When working on the new sensor, the teams were still seeking to overcome the limits of traditional biological methods. The two main methods traditionally used in flu virus detection are reverse transcription-polymerase chain reaction (RT-PCR) and enzyme-linked immunosorbent assay (ELISA). RT-PCR involves changing the Ribonucleic acid (RNA) of interest – which carries genetic information in viruses such as influenza and Ebola – to DNA, which is then duplicated using a polymerase chain reaction in a thermocycler until its levels can be detected in a very costly and labour-intensive process. ELISA, while less costly as it involves the attraction between the antigen of the target and its antibody to produce colour change on a plastic well plate, has relatively low sensitivity and requires high-quality samples. Both methods are time consuming and of limited value as frontline, on-site diagnostic tools.
Researcher analyses the sensitivity of the nanobiosensor.
Optical detection, which has high sensitivity, is thus a more viable option for rapid virus detection. Yet the conventional method used in biological application, downconversion luminescence, is excited by high-energy sources such as ultraviolet light, which can damage genetic material and induce background florescence. The teams thus focused on upconversion luminescence. Dr Yang explained, “this method converts lowenergy photons into high-energy photons, or more specifically, invisible near infrared photons into visible green photons”.

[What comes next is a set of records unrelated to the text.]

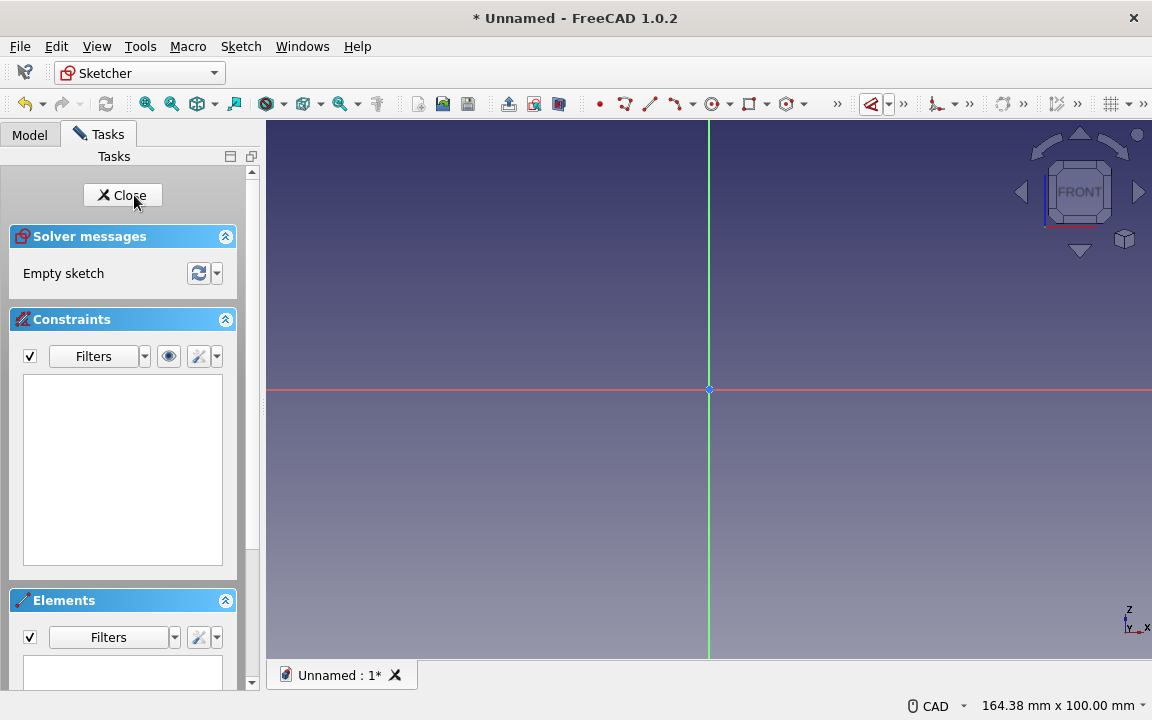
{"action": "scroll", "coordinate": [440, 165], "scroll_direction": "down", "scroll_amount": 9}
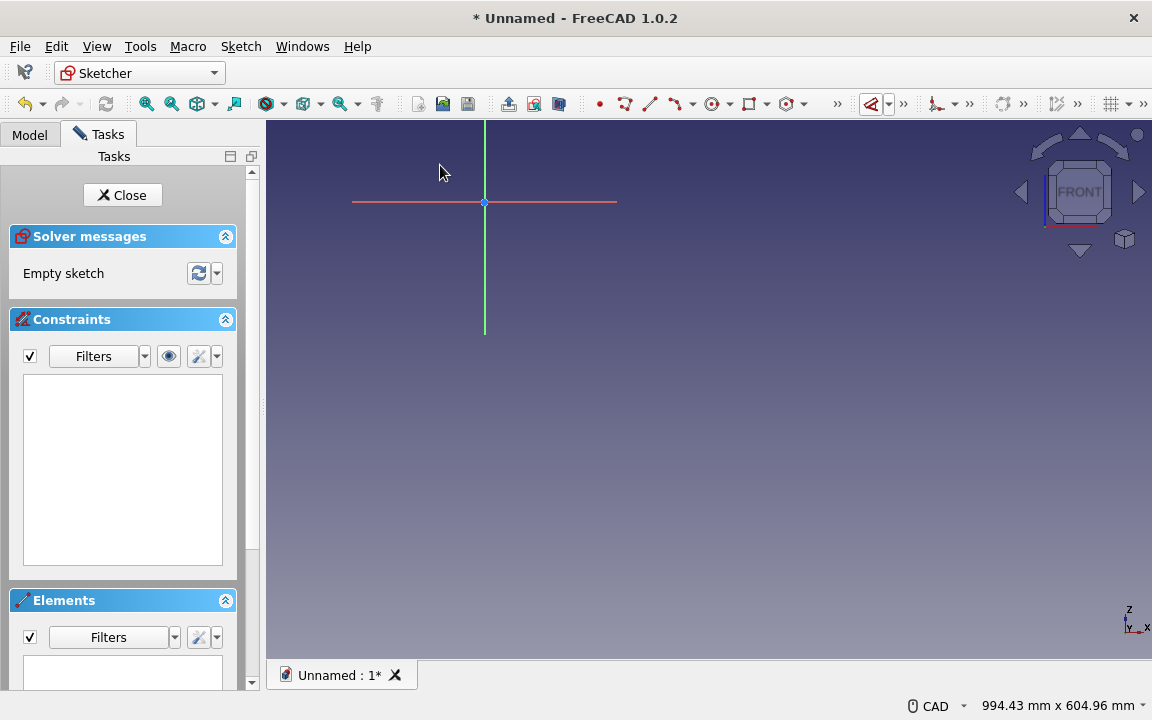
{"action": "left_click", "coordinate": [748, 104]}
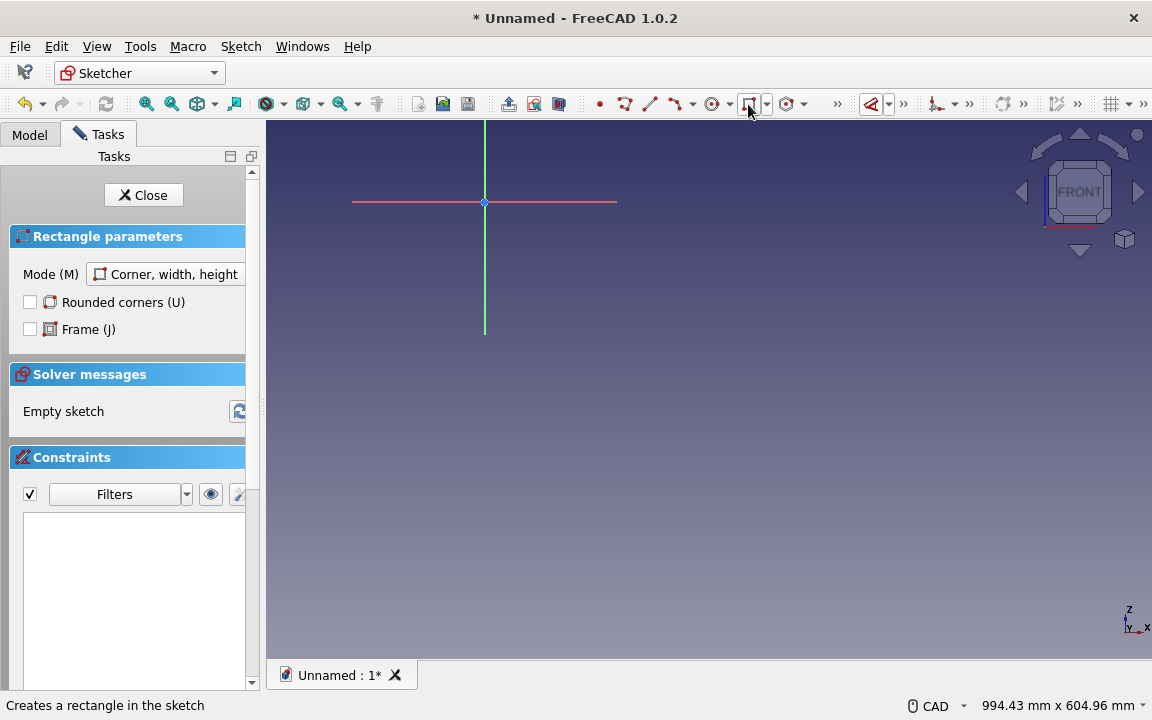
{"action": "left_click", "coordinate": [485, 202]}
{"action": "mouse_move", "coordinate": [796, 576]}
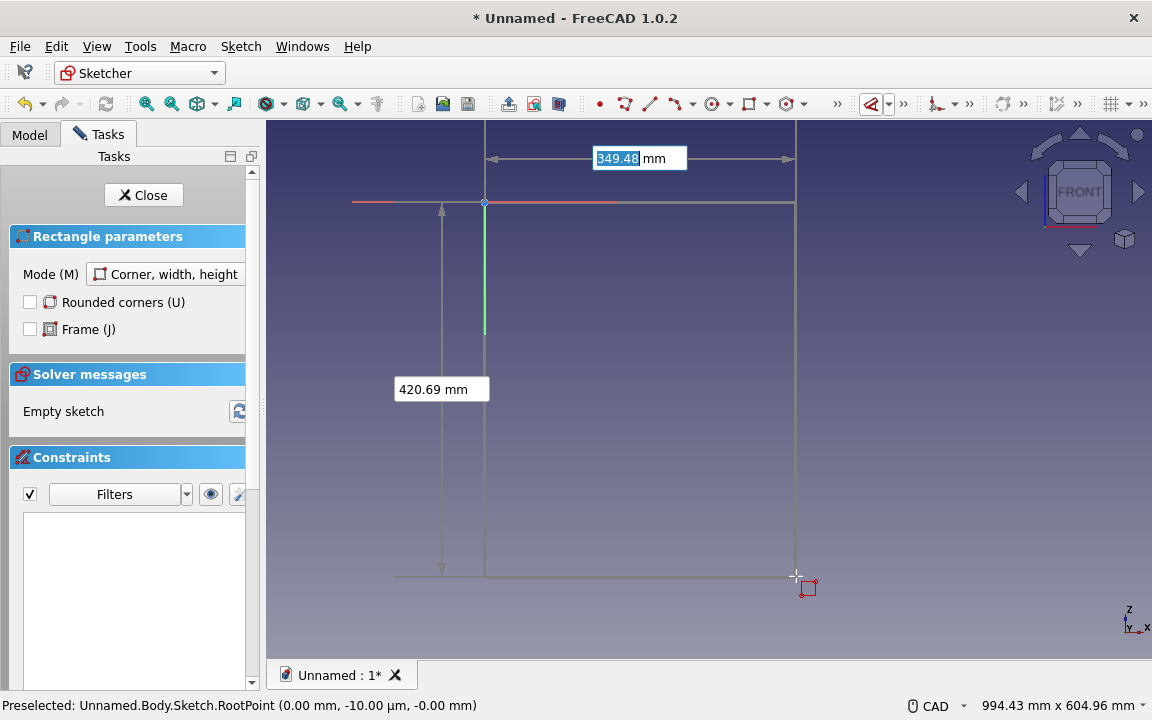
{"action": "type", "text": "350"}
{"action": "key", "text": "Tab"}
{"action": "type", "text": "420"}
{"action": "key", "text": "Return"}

The overall technique again relies on UCNPs and is akin to matching two magnets with their force of attraction. UCNPs are conjugated with a probe oligo (a short DNA strand otherwise known as an oligonucleotide), the base pairs of which are complementary with that of a gold nanoparticle (AuNP) flu virus oligo. Given the complementary nature of the base pairs of the two oligos, they work like positive and negative magnetic poles being drawn together in a process called oligo hybridisation. Dr Yang further explained, “when illuminated by a portable near-infrared laser pen, the UCNPs emit visible green light and the AuNPs absorb the light. The concentration of the targeted flu virus can then be easily quantified by measuring the decrease in green light intensity.” This, put simply, is detectable by the naked eye.
Unlike the traditional methods, this novel method is a simple procedure that requires no expensive machinery or sophisticated operating skills. Moreover, in comparison to the conventional downconversion luminescent technique, it causes little damage to genetic material and induces no background fluorescence. Just as importantly, it can be modified through the design of a complementary probe once the genetic sequence of a newly targeted virus is known, opening the possibility of detecting other types of viruses.